“What is happening is…a revolution in the way young people are accessing news. They don’t want to rely on the morning paper for their up-to-date information. They don’t want to rely on a God-like figure from above to tell them what’s important. And to carry the religion analogy a bit further, they certainly don’t want news presented as gospel.”
When Rupert Murdoch delivered that speech to the American Society of Newspaper editors in Washington a decade ago, he was seen by some as a Martin Luther figure, challenging centralised authority and nailing his 95 theses to the digital wall.
Print journalism was dying and a new generation of “digital natives” was seeking out news on demand in formats and narratives that suited them. Newspaper editors, having distractedly plastered their content on the web less than 10 years before only to see sales and advertising continue to decline, were at the point of despair.
But Murdoch, having overcome great odds so many times in his career, was having none of that. Figuratively lifting the luddite editors by the lapels, Rupert said his company had challenged media orthodoxes over the years and could do so again with the web. “Today, the newspaper is just a paper,” he said. “Tomorrow, it can be a destination.”
Well, actually, more of a point of departure really, because nine years on, Murdoch’s vision looks more like a hopelessly naive misunderstanding of what the media reformation is all about. In retrospect, his rallying call to editors was more a rearguard action, a heroic attempt to reassert the authority of established media at a time of extraordinary technological and cultural change.

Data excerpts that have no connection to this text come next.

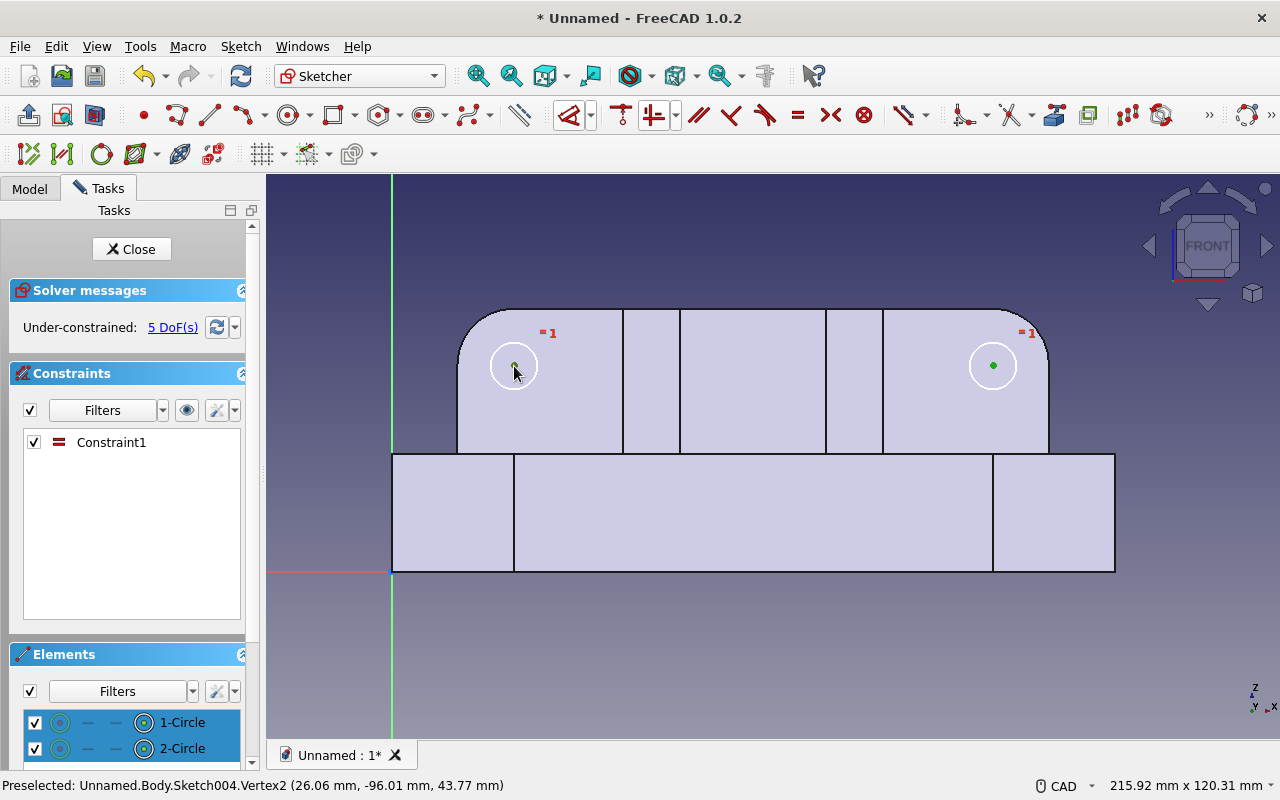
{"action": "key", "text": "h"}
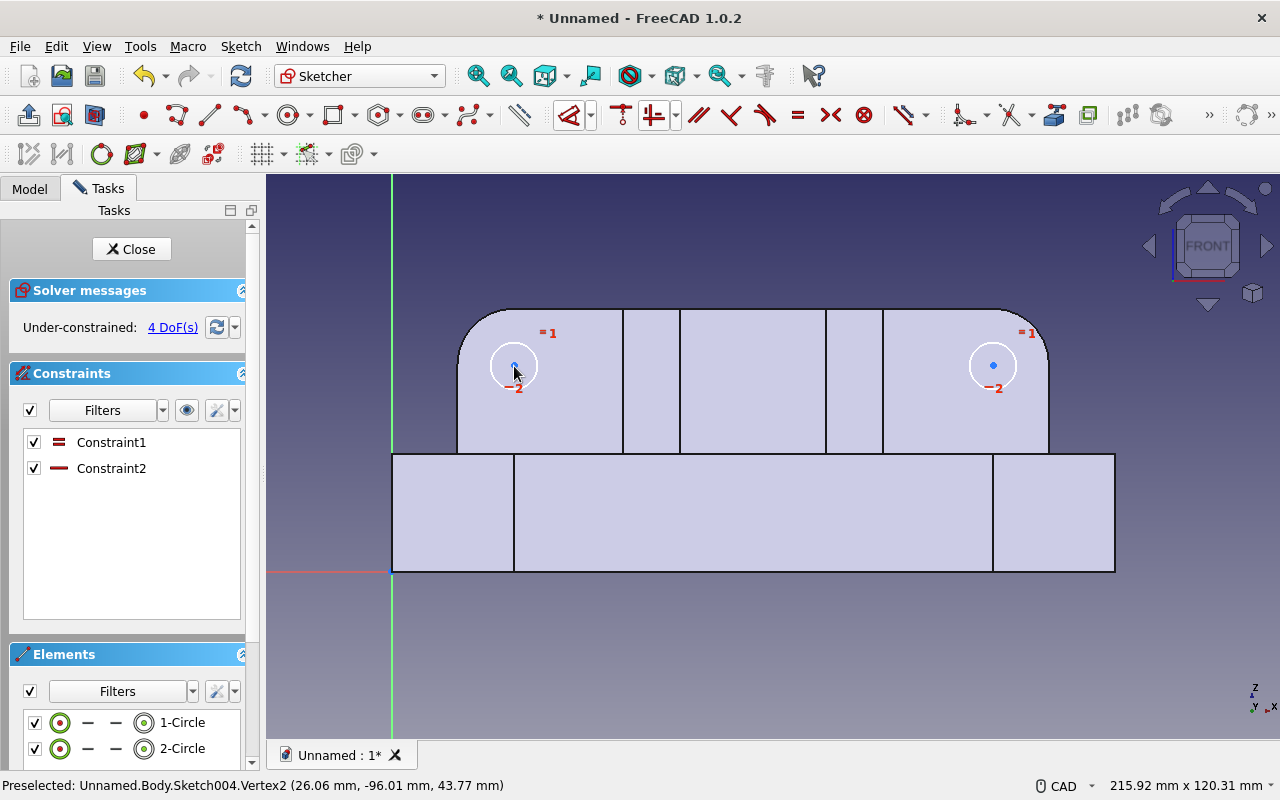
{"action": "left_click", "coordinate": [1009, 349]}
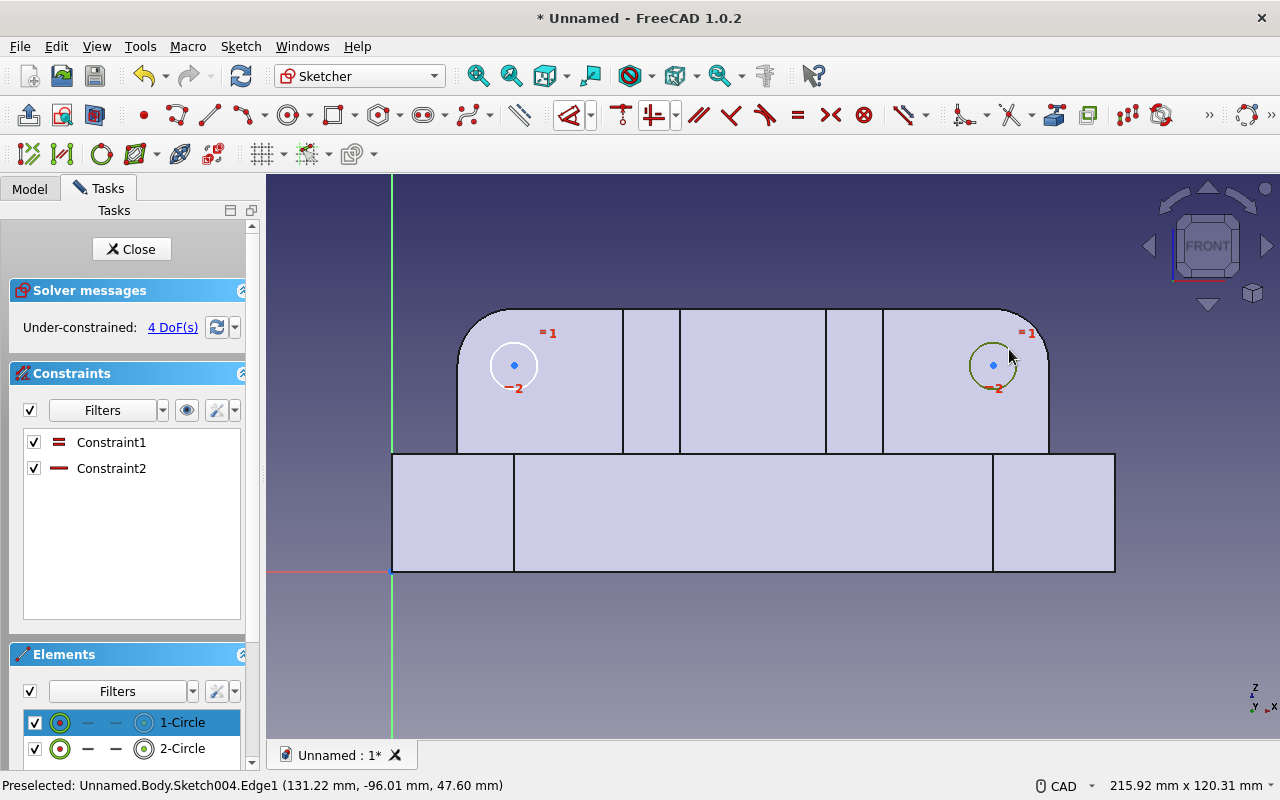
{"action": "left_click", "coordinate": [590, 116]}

To his credit, Murdoch threw the dice and experimented with digital applications, the tablet-oriented The Daily representing a noble attempt to monetise traditional journalism on the web. It failed, reaching only 100,000 paid subscribers when it needed at least 500,000 to break even. Like so many attempts to launch subscription media on the web, the content was simply not distinctive enough to tempt people to pay for it.

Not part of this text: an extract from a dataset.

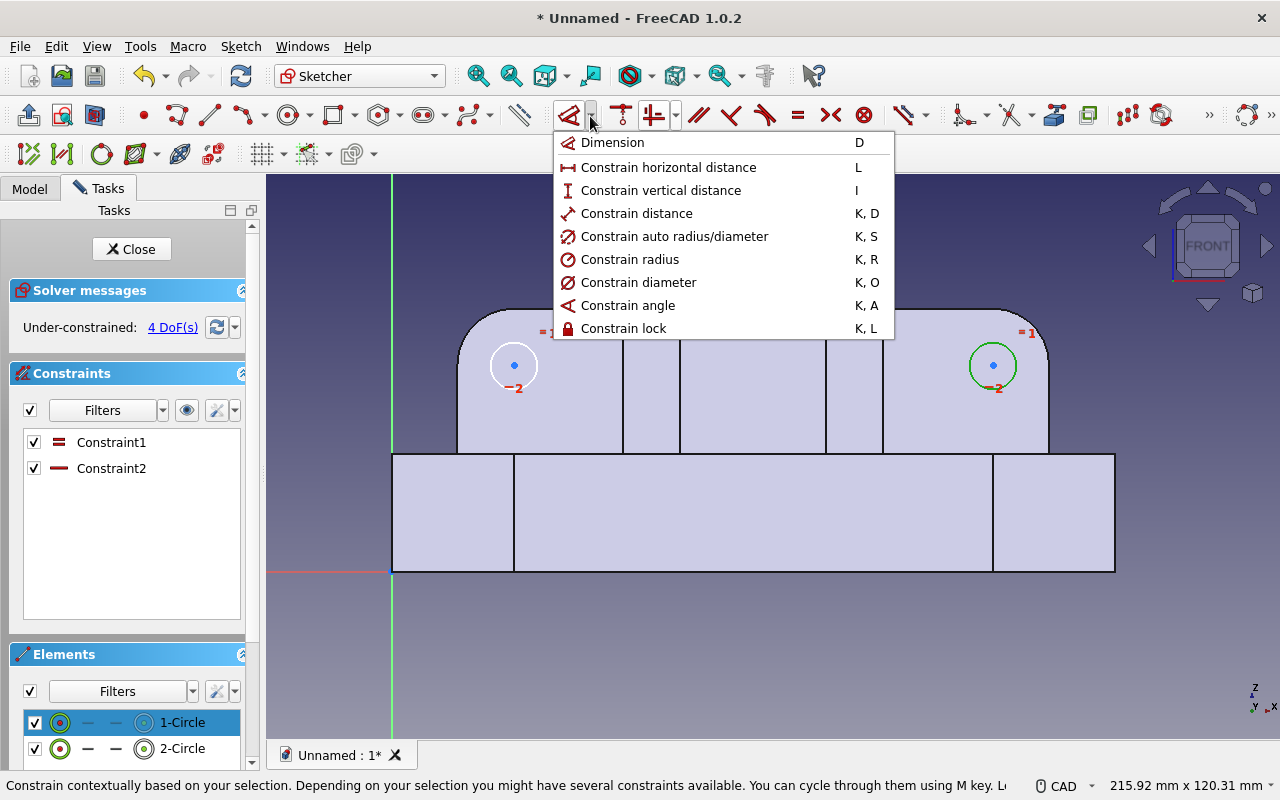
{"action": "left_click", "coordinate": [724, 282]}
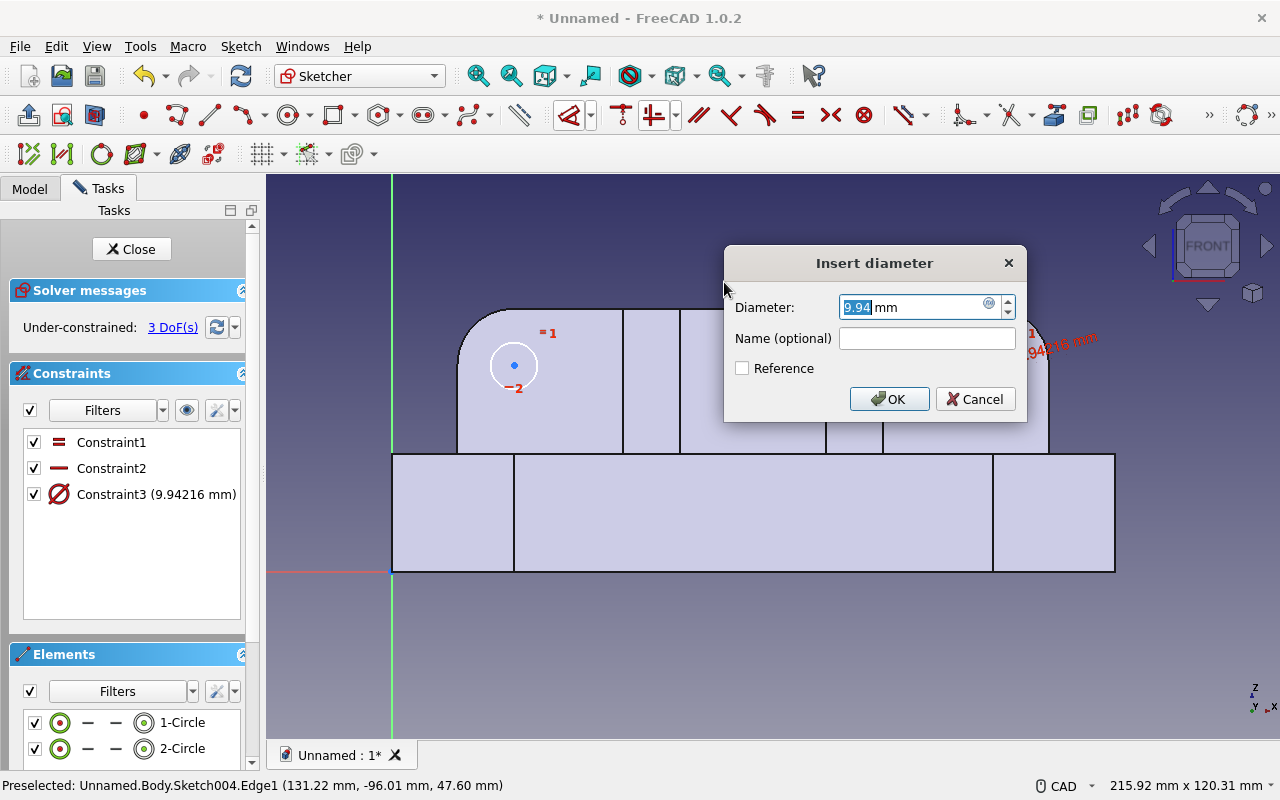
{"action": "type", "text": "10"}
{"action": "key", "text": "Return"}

With his real-world efforts falling short of the vision of his digital proseltysing and his traditional dead-trees journalism fighting off scandal, Murdoch has regrouped around his legacy media brands and is fighting for tradition. His loyal lieutenants regularly declare war on Twitter, popular bloggers, public broadcasting and digital upstarts generally. Chris Kenny, who recently successfully sued the ABC, over a silly satirical joke at his expense by The Chaser, believes the digital revolution in relation to journalism has gone a tad too far.
There is a case to be made that digital journalism is distracting from substantive reporting and even distorting mainstream coverage. Digital-first publication has lowered the entry barrier for commentary, which was once the preserve of experienced hands. Young journalists knew their sole job was to report news, until much later in their careers when age and experience deemed them sufficiently worthy to offer analysis or comment.”
Kenny has a valid point about the speed of social media leaving little room for sound analysis and he’s right about the tendency for young reporters to be pushed into commenting on news before they’ve learnt to report it straight. But his pitch is a bit rich coming from a representative of a company that regularly puts its “straight news” coverage through the spinmaster to serve its political and commercial interests. And it blankly assumes that anyone not earning a living as a journalist in dead tree media is not qualified to comment on politics or anything else.
Witness the insane circling of the wagons by The Australian recently after it was found to have been blatantly spinning for Big Tobacco industry by printing incorrect claims that cigarette sales had increased since plain packaging laws began. Every characteristic Murdoch said the digital revolution had overturned – ex-cathedra pronouncements in contravention of the facts, a pompous presumption to being the final authority and a condescension toward other voices – was on display. Add to this its characteristically vicious personal attacks on those who dared question its dishonest ‘journalism’ and you have a case study in old media digging a deeper hole for its remaining credibility.
The alternative explanation for the sudden antagonism toward alternative media in the established outlets is that this is a commercial strategy. By engaging in skirmishes on Twitter and elsewhere with new voices not part of the mainstream media, the dead trees brigade muscle in on the upstarts’ small, but growing, audiences. In effect, the long-time party hosts are miffed that the guests and the advertisers have moved on elsewhere, so they’re crashing the joint. In the process, basic journalistic principles of fairness, accuracy and a respect for the truth are being trampled in the dirt.
A decade after Murdoch’s ‘digital natives’ speech, it appears the media reformation is giving way to a counter-reformation. In this, Murdoch is revealed not so much as an iconoclastic Martin Luther nailing his theses to the wall, but as a Pope Paul III, ordering an inquisition against the new media heretics.